We went home and prepared for the end.
Don’t be sad though because we are getting to the good part. You see we live in a world that is tough, it’s filled with pain and corruption and hardship but even in the darkest moments there is light. And for our family light came in the form of kindness.
In those terrible days when we found ourselves blank eye and struck dumb with fear and sadness we also experienced immense kindness. Truly more kindness than I can list here for you today: like his teachers who arrived in full academic dress to present Josh with his academic colours in hospital; or the friends who spent hours hanging out in hospital rooms or his friend’s mom who made it her business to investigate treatment options and who, eventually, bullied us in to door of the adult oncologist who is currently treating Josh. There has been so much kindness but the people I want to tell you about are RFAD.
Back in July the RFAD team contacted me with a request to come and talk to Josh about his dreams. Julia tells me that most kids have dreams that are easy to fulfil – but not Josh. Josh had 3: Comic Con in New York, to visit the offices of DC Comics who are in LA or to visit the Haydron Collider in Switzerland. I counselled him after that first meeting that he wanted too much, that there were other kids with easier dreams. That he shouldn’t expect too much. Josh mostly forgot about the meeting and went on with his life.
I wish you could have seen his face when dream makers of RFAD presented Josh with tickets to Comic Con. We saw a smile bigger than any we had seen since he was diagnosed. He was green with nausea and fatigue and still his grin lit up the room.
And something changed. Now it could have been the chemo working, or the after effects of radio embolization or the new diet he’d embraced or it could have been that he had something to look forward to. You see he started planning at a really practical level. He realised he’d need to be stronger to enjoy Comic Con. He started eating – even when he felt terrible.
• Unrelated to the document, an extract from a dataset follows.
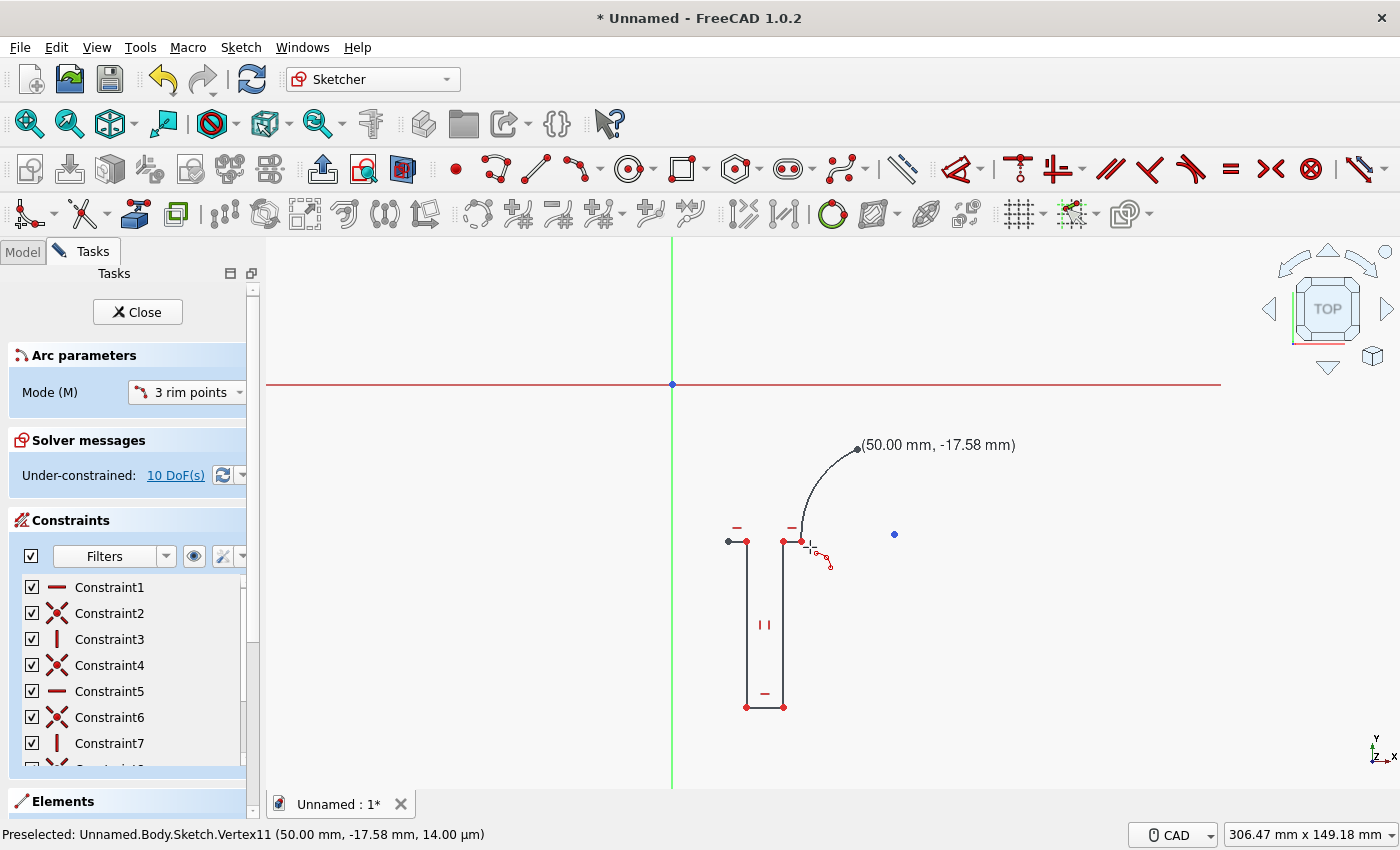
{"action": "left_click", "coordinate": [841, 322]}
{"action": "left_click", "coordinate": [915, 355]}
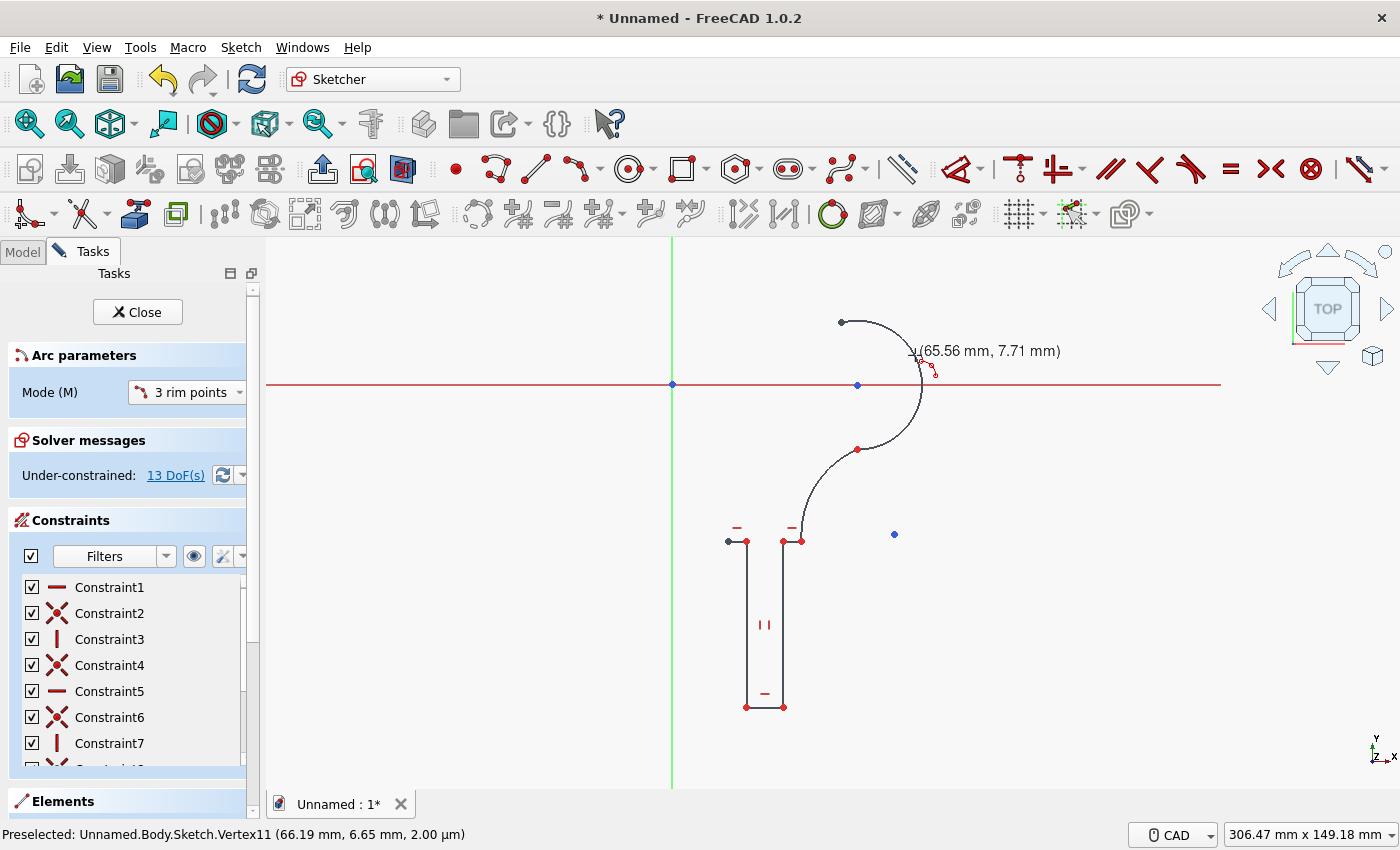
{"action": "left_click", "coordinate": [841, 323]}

He started walking with me each day, to prove to me that he wouldn’t need a wheel chair for the event.
And since returning from New York he hasn’t stopped planning. Now he’s planning to ace his November exams, he’s planning how he will get back to swimming and archery next year. He’s even planning which university he will go to.
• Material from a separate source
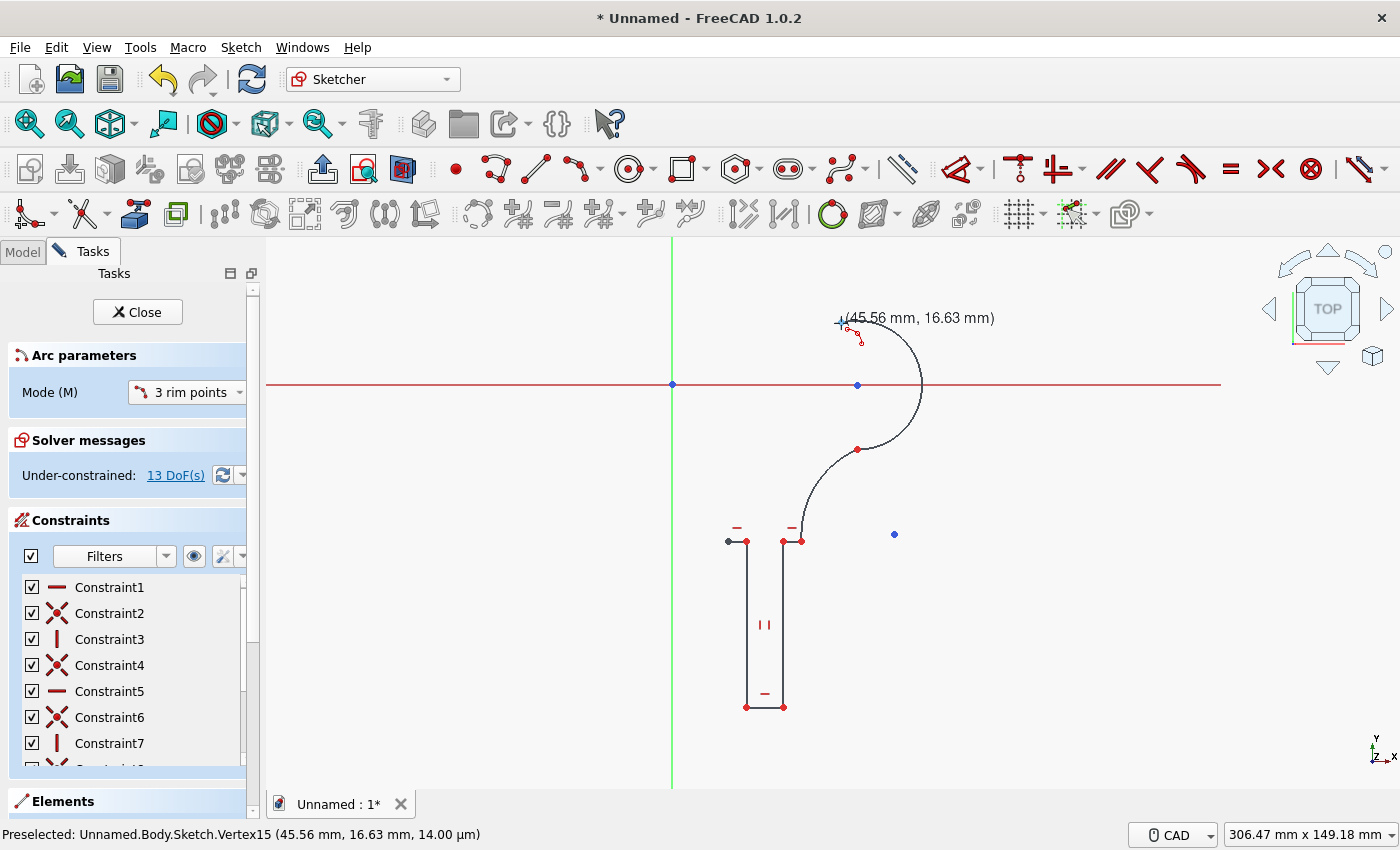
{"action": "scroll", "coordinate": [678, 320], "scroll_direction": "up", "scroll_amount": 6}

We began to feel guilty that RFAD had invested so much in this kid who seemed to be getting better! I called Julia who laughed at me and told me that this is the point.
This is great for Josh and me but what is in it for you and for people like you who give so much to these kids?
At worst, cancer will win and you will have the satisfaction of knowing that Josh, and kids like him, got to do that one thing they had always dreamt of.
And that is enough.
But at best, and I believe in the best, you have changed Joshua’s prognosis. Every minute he is planning for the future is isn’t dying. He might live a little longer because of RFAD or even long enough for a cure to be found.
Either way his life has been changed because he (and the people around him) have had first hand experience of your kindness.
Comic Con was AWESOME – but the real gift has been in experiencing such extreme and unexpected kindness in a way we could never have imagined.
Josh is an amazing child (I know this I am his mother). He has always been bright and ambitious and enthusiastic but through this experience he has also learnt about the power of kindness. Of how it feels to experience kindness and what it means to do good for someone else just because you can. And he knows – I know – that in our darkest hour it isn’t grades, or money or success that have given us the courage to put one foot into front of the other and keep going. It’s the kindness that we experienced.
So…thank you for fulfilling Joshua’s dream and thank you a thousand times more for the lesson in kindness that we have received.
Our lives, be they long or short, have been made immeasurably richer because of the Reach for a Dream Foundation.